> Aim of the task: Return all the data exactly, keeping the pictures out.

[Saved entries]
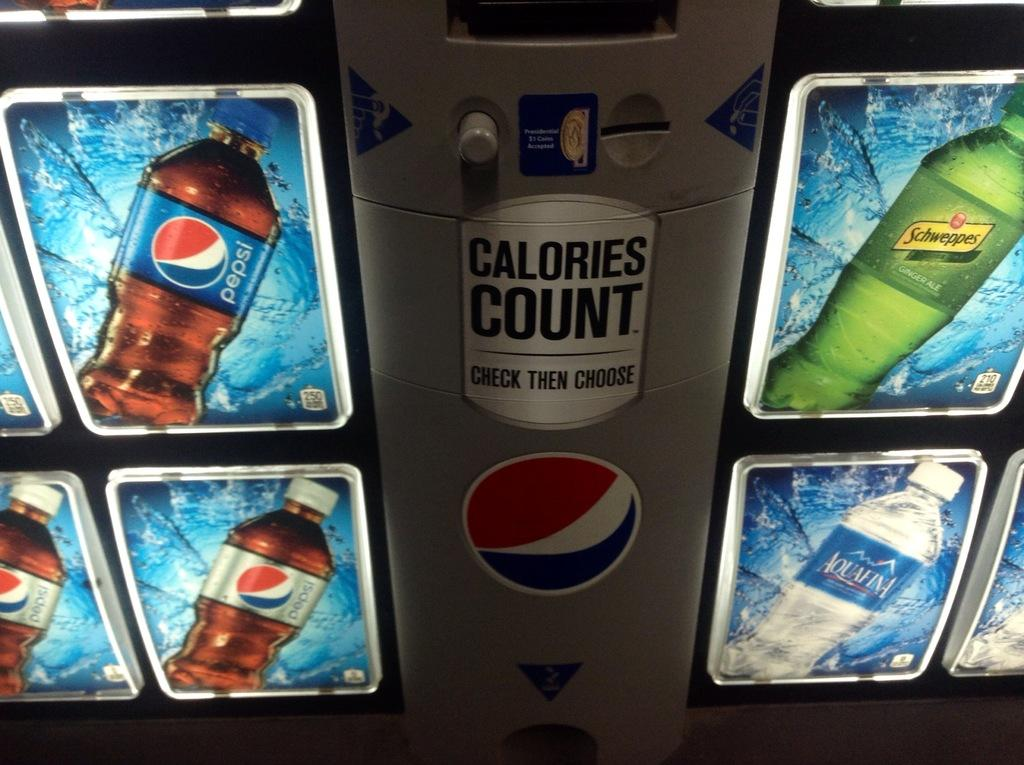Provide a one-sentence caption for the provided image. A soda machine with Pepsi, diet Pepsi and Aquafina. 
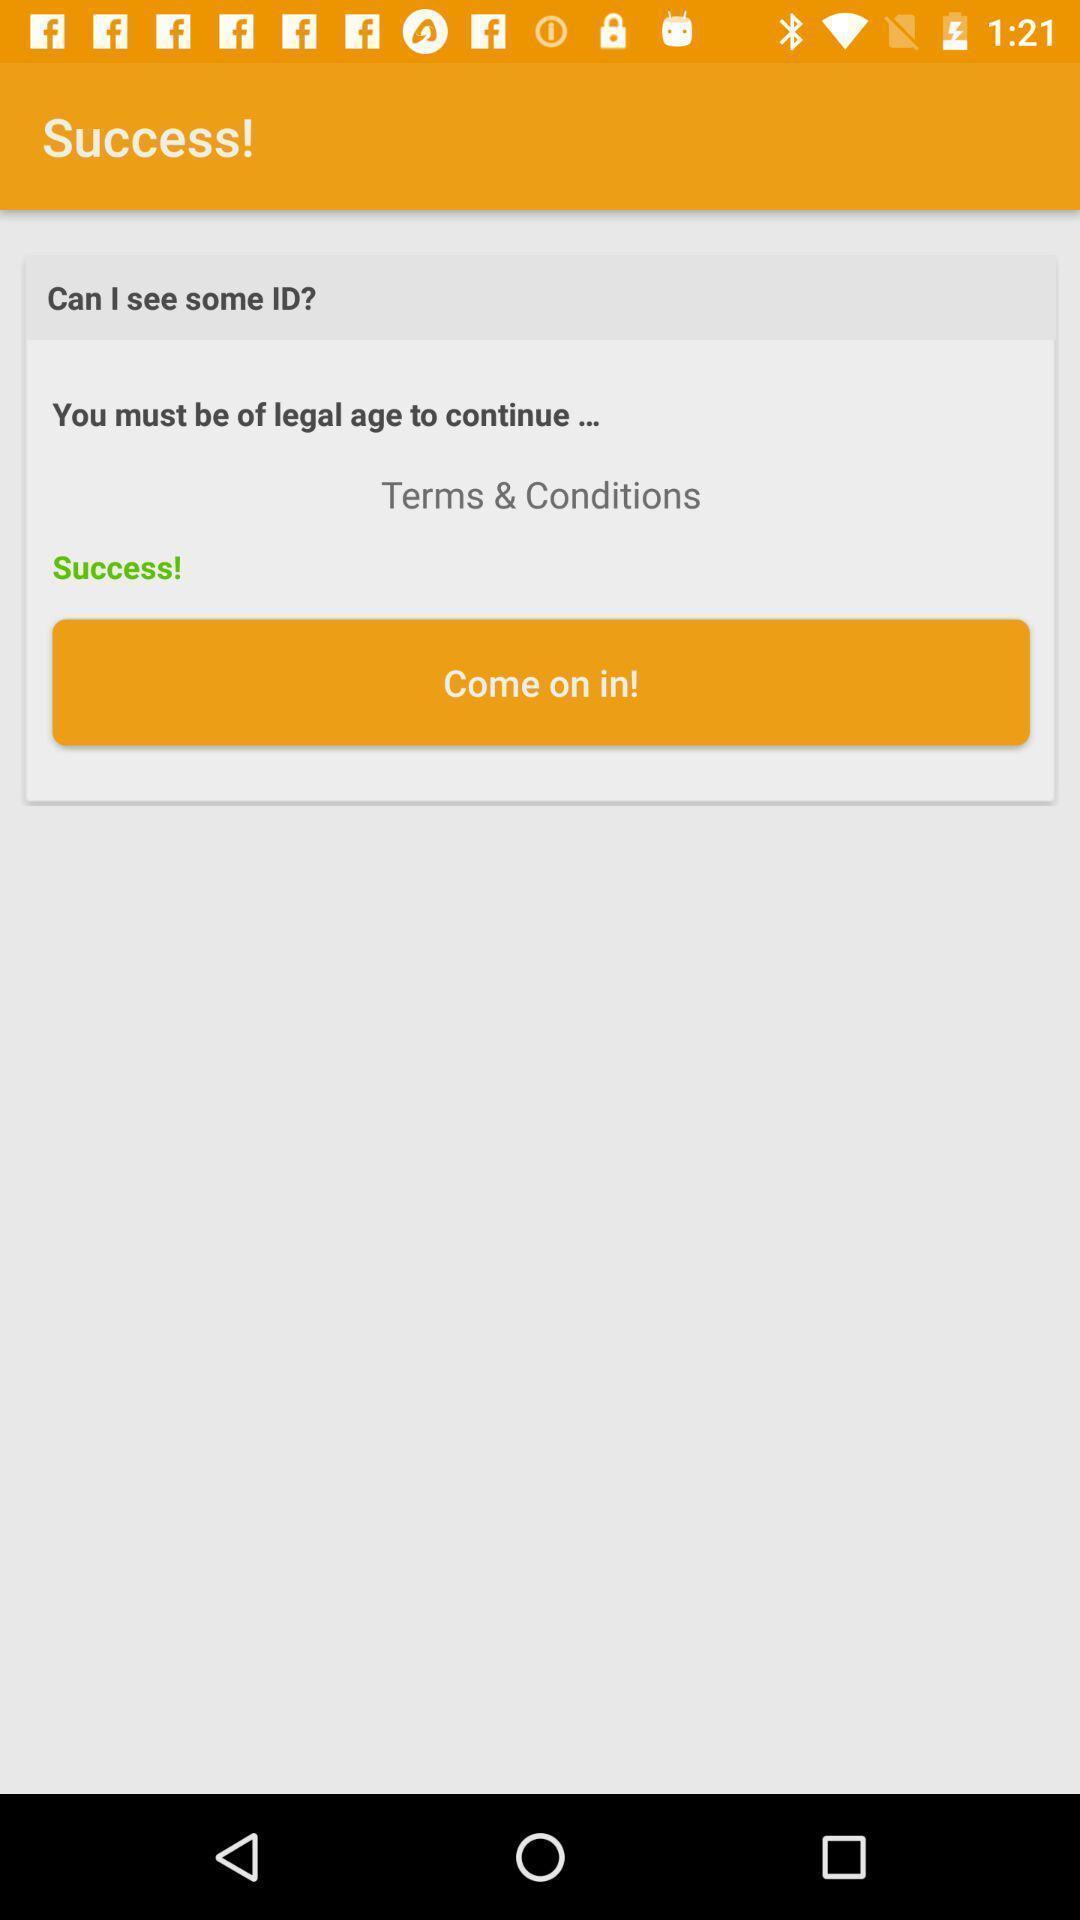Give me a summary of this screen capture. Success page showing terms conditions. 
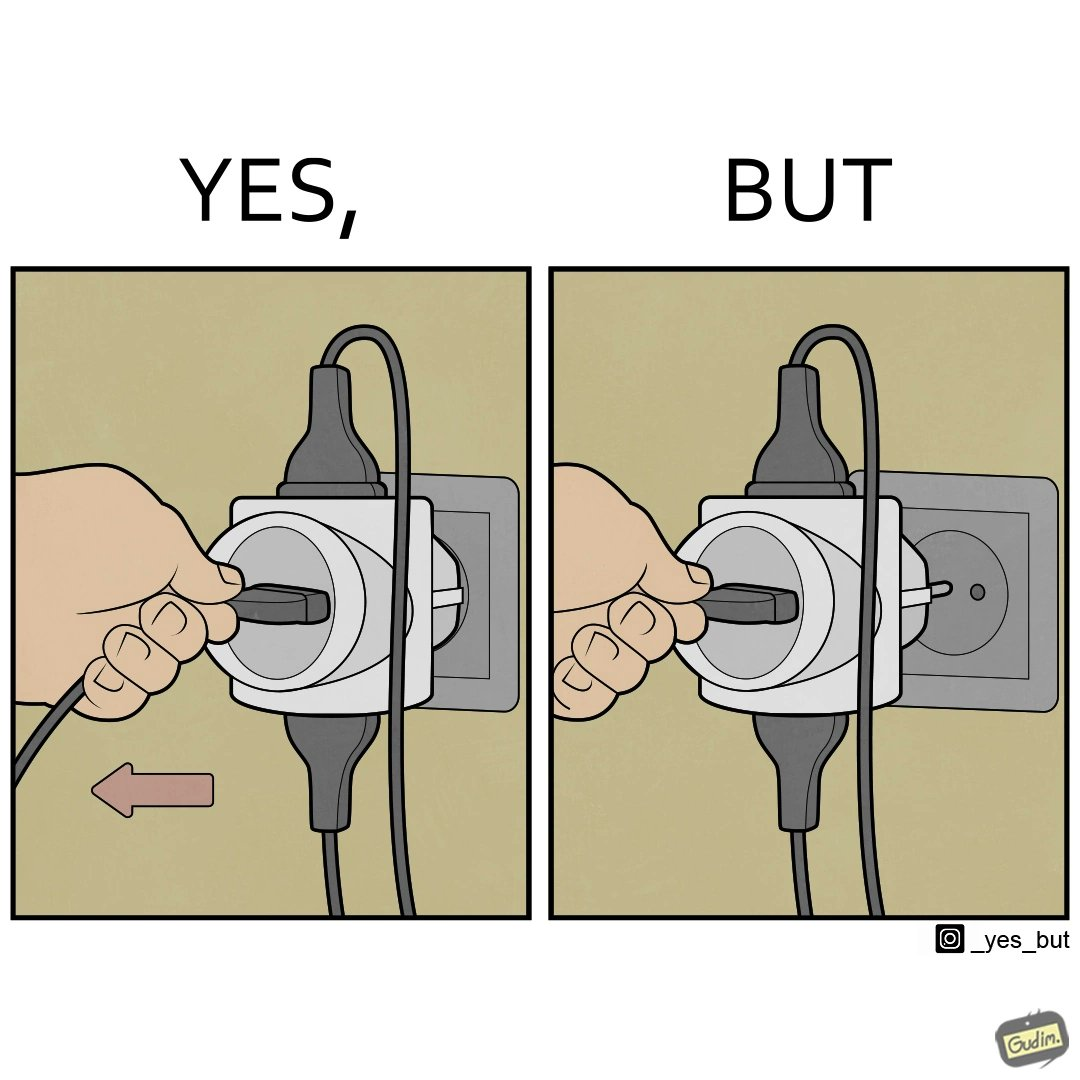Describe what you see in this image. The image is ironic, because some person is trying to plug out one pin from the multi pin plug but due to tight fitting the multi pin plug socket itself is getting pulled off disconnecting the power supply to other devices even when it is not required 
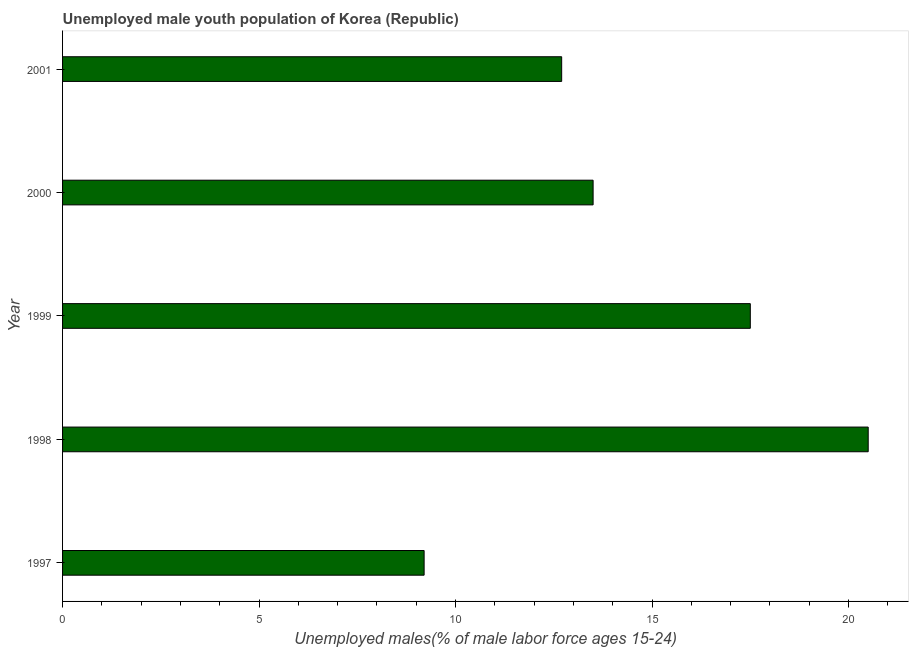Does the graph contain grids?
Make the answer very short. No. What is the title of the graph?
Offer a terse response. Unemployed male youth population of Korea (Republic). What is the label or title of the X-axis?
Keep it short and to the point. Unemployed males(% of male labor force ages 15-24). Across all years, what is the maximum unemployed male youth?
Make the answer very short. 20.5. Across all years, what is the minimum unemployed male youth?
Provide a succinct answer. 9.2. What is the sum of the unemployed male youth?
Offer a terse response. 73.4. What is the average unemployed male youth per year?
Provide a succinct answer. 14.68. In how many years, is the unemployed male youth greater than 14 %?
Your response must be concise. 2. What is the ratio of the unemployed male youth in 1999 to that in 2000?
Your answer should be compact. 1.3. Is the difference between the unemployed male youth in 1998 and 2001 greater than the difference between any two years?
Your answer should be compact. No. What is the difference between the highest and the second highest unemployed male youth?
Give a very brief answer. 3. In how many years, is the unemployed male youth greater than the average unemployed male youth taken over all years?
Offer a terse response. 2. Are the values on the major ticks of X-axis written in scientific E-notation?
Offer a terse response. No. What is the Unemployed males(% of male labor force ages 15-24) in 1997?
Your answer should be compact. 9.2. What is the Unemployed males(% of male labor force ages 15-24) in 1998?
Your answer should be very brief. 20.5. What is the Unemployed males(% of male labor force ages 15-24) of 1999?
Give a very brief answer. 17.5. What is the Unemployed males(% of male labor force ages 15-24) of 2001?
Offer a very short reply. 12.7. What is the difference between the Unemployed males(% of male labor force ages 15-24) in 1997 and 1998?
Your response must be concise. -11.3. What is the difference between the Unemployed males(% of male labor force ages 15-24) in 1997 and 2001?
Offer a very short reply. -3.5. What is the difference between the Unemployed males(% of male labor force ages 15-24) in 1998 and 2001?
Provide a succinct answer. 7.8. What is the ratio of the Unemployed males(% of male labor force ages 15-24) in 1997 to that in 1998?
Offer a very short reply. 0.45. What is the ratio of the Unemployed males(% of male labor force ages 15-24) in 1997 to that in 1999?
Ensure brevity in your answer.  0.53. What is the ratio of the Unemployed males(% of male labor force ages 15-24) in 1997 to that in 2000?
Make the answer very short. 0.68. What is the ratio of the Unemployed males(% of male labor force ages 15-24) in 1997 to that in 2001?
Ensure brevity in your answer.  0.72. What is the ratio of the Unemployed males(% of male labor force ages 15-24) in 1998 to that in 1999?
Offer a terse response. 1.17. What is the ratio of the Unemployed males(% of male labor force ages 15-24) in 1998 to that in 2000?
Give a very brief answer. 1.52. What is the ratio of the Unemployed males(% of male labor force ages 15-24) in 1998 to that in 2001?
Make the answer very short. 1.61. What is the ratio of the Unemployed males(% of male labor force ages 15-24) in 1999 to that in 2000?
Make the answer very short. 1.3. What is the ratio of the Unemployed males(% of male labor force ages 15-24) in 1999 to that in 2001?
Make the answer very short. 1.38. What is the ratio of the Unemployed males(% of male labor force ages 15-24) in 2000 to that in 2001?
Provide a short and direct response. 1.06. 
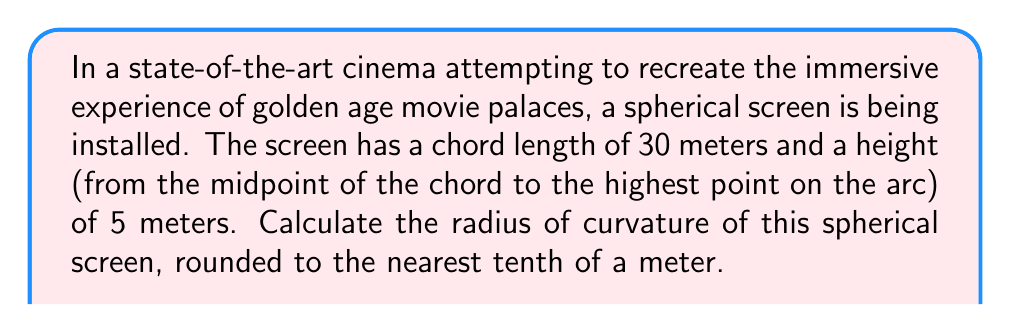Solve this math problem. Let's approach this step-by-step using concepts from spherical geometry:

1) In a sphere, we can use the equation relating the radius $r$, the chord length $c$, and the height $h$:

   $$r^2 = \frac{c^2}{4} + (r-h)^2$$

2) We're given that $c = 30$ meters and $h = 5$ meters. Let's substitute these values:

   $$r^2 = \frac{30^2}{4} + (r-5)^2$$

3) Simplify:

   $$r^2 = 225 + (r^2 - 10r + 25)$$

4) Combine like terms:

   $$2r^2 - 10r - 200 = 0$$

5) This is a quadratic equation. We can solve it using the quadratic formula:

   $$r = \frac{-b \pm \sqrt{b^2 - 4ac}}{2a}$$

   where $a=2$, $b=-10$, and $c=-200$

6) Substituting these values:

   $$r = \frac{10 \pm \sqrt{100 + 1600}}{4} = \frac{10 \pm \sqrt{1700}}{4}$$

7) Simplify:

   $$r = \frac{10 \pm 41.23}{4}$$

8) This gives us two solutions:

   $$r_1 = \frac{51.23}{4} = 12.81 \text{ meters}$$
   $$r_2 = \frac{-31.23}{4} = -7.81 \text{ meters}$$

9) Since we're dealing with a physical screen, we can discard the negative solution.

10) Rounding to the nearest tenth:

    $$r \approx 12.8 \text{ meters}$$
Answer: 12.8 meters 
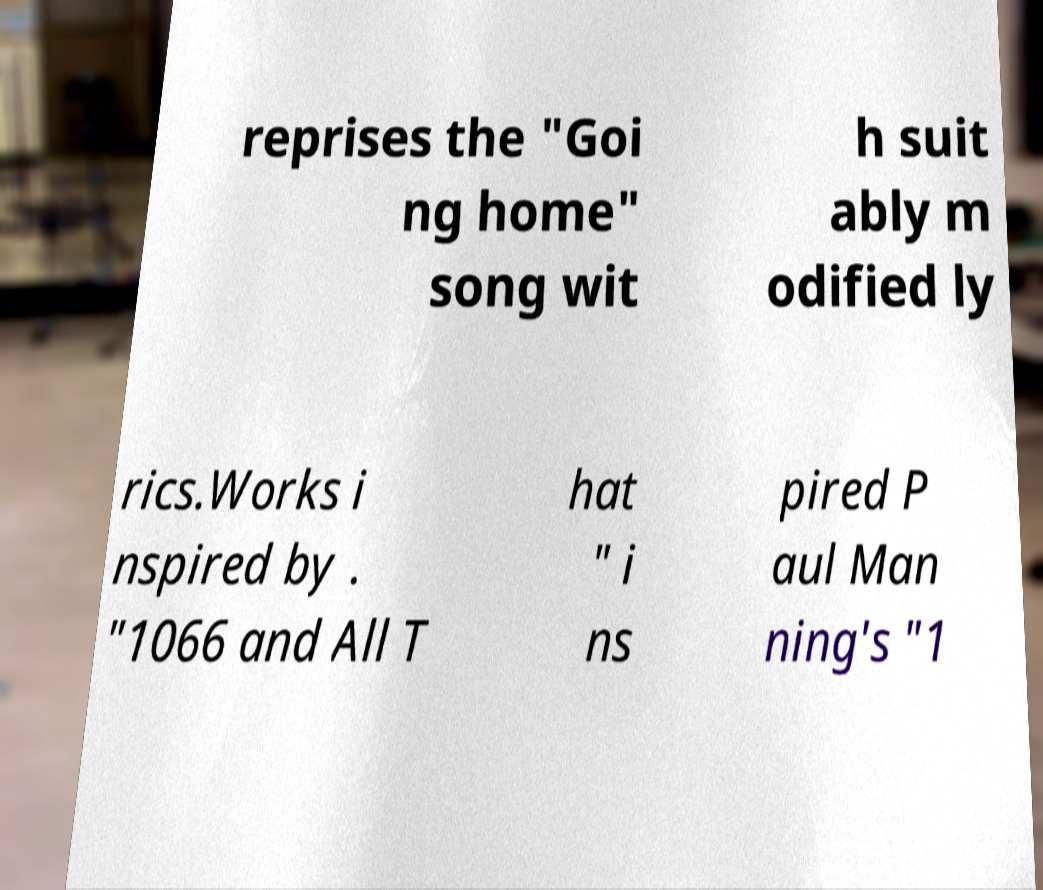Could you extract and type out the text from this image? reprises the "Goi ng home" song wit h suit ably m odified ly rics.Works i nspired by . "1066 and All T hat " i ns pired P aul Man ning's "1

> Worked solution:
Provide a one-sentence caption for the provided image. A soda machine with Pepsi, diet Pepsi and Aquafina. 
Give me a summary of this screen capture. Success page showing terms conditions. 
Describe what you see in this image. The image is ironic, because some person is trying to plug out one pin from the multi pin plug but due to tight fitting the multi pin plug socket itself is getting pulled off disconnecting the power supply to other devices even when it is not required 
Does the graph contain grids?
Make the answer very short. No. What is the title of the graph?
Offer a terse response. Unemployed male youth population of Korea (Republic). What is the label or title of the X-axis?
Keep it short and to the point. Unemployed males(% of male labor force ages 15-24). Across all years, what is the maximum unemployed male youth?
Make the answer very short. 20.5. Across all years, what is the minimum unemployed male youth?
Provide a succinct answer. 9.2. What is the sum of the unemployed male youth?
Offer a terse response. 73.4. What is the average unemployed male youth per year?
Provide a succinct answer. 14.68. In how many years, is the unemployed male youth greater than 14 %?
Your response must be concise. 2. What is the ratio of the unemployed male youth in 1999 to that in 2000?
Your answer should be compact. 1.3. Is the difference between the unemployed male youth in 1998 and 2001 greater than the difference between any two years?
Your answer should be compact. No. What is the difference between the highest and the second highest unemployed male youth?
Give a very brief answer. 3. In how many years, is the unemployed male youth greater than the average unemployed male youth taken over all years?
Offer a terse response. 2. Are the values on the major ticks of X-axis written in scientific E-notation?
Offer a terse response. No. What is the Unemployed males(% of male labor force ages 15-24) in 1997?
Your answer should be compact. 9.2. What is the Unemployed males(% of male labor force ages 15-24) in 1998?
Your answer should be very brief. 20.5. What is the Unemployed males(% of male labor force ages 15-24) of 1999?
Give a very brief answer. 17.5. What is the Unemployed males(% of male labor force ages 15-24) of 2001?
Offer a very short reply. 12.7. What is the difference between the Unemployed males(% of male labor force ages 15-24) in 1997 and 1998?
Your response must be concise. -11.3. What is the difference between the Unemployed males(% of male labor force ages 15-24) in 1997 and 2001?
Offer a very short reply. -3.5. What is the difference between the Unemployed males(% of male labor force ages 15-24) in 1998 and 2001?
Provide a succinct answer. 7.8. What is the ratio of the Unemployed males(% of male labor force ages 15-24) in 1997 to that in 1998?
Offer a very short reply. 0.45. What is the ratio of the Unemployed males(% of male labor force ages 15-24) in 1997 to that in 1999?
Ensure brevity in your answer.  0.53. What is the ratio of the Unemployed males(% of male labor force ages 15-24) in 1997 to that in 2000?
Make the answer very short. 0.68. What is the ratio of the Unemployed males(% of male labor force ages 15-24) in 1997 to that in 2001?
Ensure brevity in your answer.  0.72. What is the ratio of the Unemployed males(% of male labor force ages 15-24) in 1998 to that in 1999?
Offer a terse response. 1.17. What is the ratio of the Unemployed males(% of male labor force ages 15-24) in 1998 to that in 2000?
Give a very brief answer. 1.52. What is the ratio of the Unemployed males(% of male labor force ages 15-24) in 1998 to that in 2001?
Make the answer very short. 1.61. What is the ratio of the Unemployed males(% of male labor force ages 15-24) in 1999 to that in 2000?
Make the answer very short. 1.3. What is the ratio of the Unemployed males(% of male labor force ages 15-24) in 1999 to that in 2001?
Make the answer very short. 1.38. What is the ratio of the Unemployed males(% of male labor force ages 15-24) in 2000 to that in 2001?
Provide a short and direct response. 1.06. 
Solve this math problem. Let's approach this step-by-step using concepts from spherical geometry:

1) In a sphere, we can use the equation relating the radius $r$, the chord length $c$, and the height $h$:

   $$r^2 = \frac{c^2}{4} + (r-h)^2$$

2) We're given that $c = 30$ meters and $h = 5$ meters. Let's substitute these values:

   $$r^2 = \frac{30^2}{4} + (r-5)^2$$

3) Simplify:

   $$r^2 = 225 + (r^2 - 10r + 25)$$

4) Combine like terms:

   $$2r^2 - 10r - 200 = 0$$

5) This is a quadratic equation. We can solve it using the quadratic formula:

   $$r = \frac{-b \pm \sqrt{b^2 - 4ac}}{2a}$$

   where $a=2$, $b=-10$, and $c=-200$

6) Substituting these values:

   $$r = \frac{10 \pm \sqrt{100 + 1600}}{4} = \frac{10 \pm \sqrt{1700}}{4}$$

7) Simplify:

   $$r = \frac{10 \pm 41.23}{4}$$

8) This gives us two solutions:

   $$r_1 = \frac{51.23}{4} = 12.81 \text{ meters}$$
   $$r_2 = \frac{-31.23}{4} = -7.81 \text{ meters}$$

9) Since we're dealing with a physical screen, we can discard the negative solution.

10) Rounding to the nearest tenth:

    $$r \approx 12.8 \text{ meters}$$
Answer: 12.8 meters 
Could you extract and type out the text from this image? reprises the "Goi ng home" song wit h suit ably m odified ly rics.Works i nspired by . "1066 and All T hat " i ns pired P aul Man ning's "1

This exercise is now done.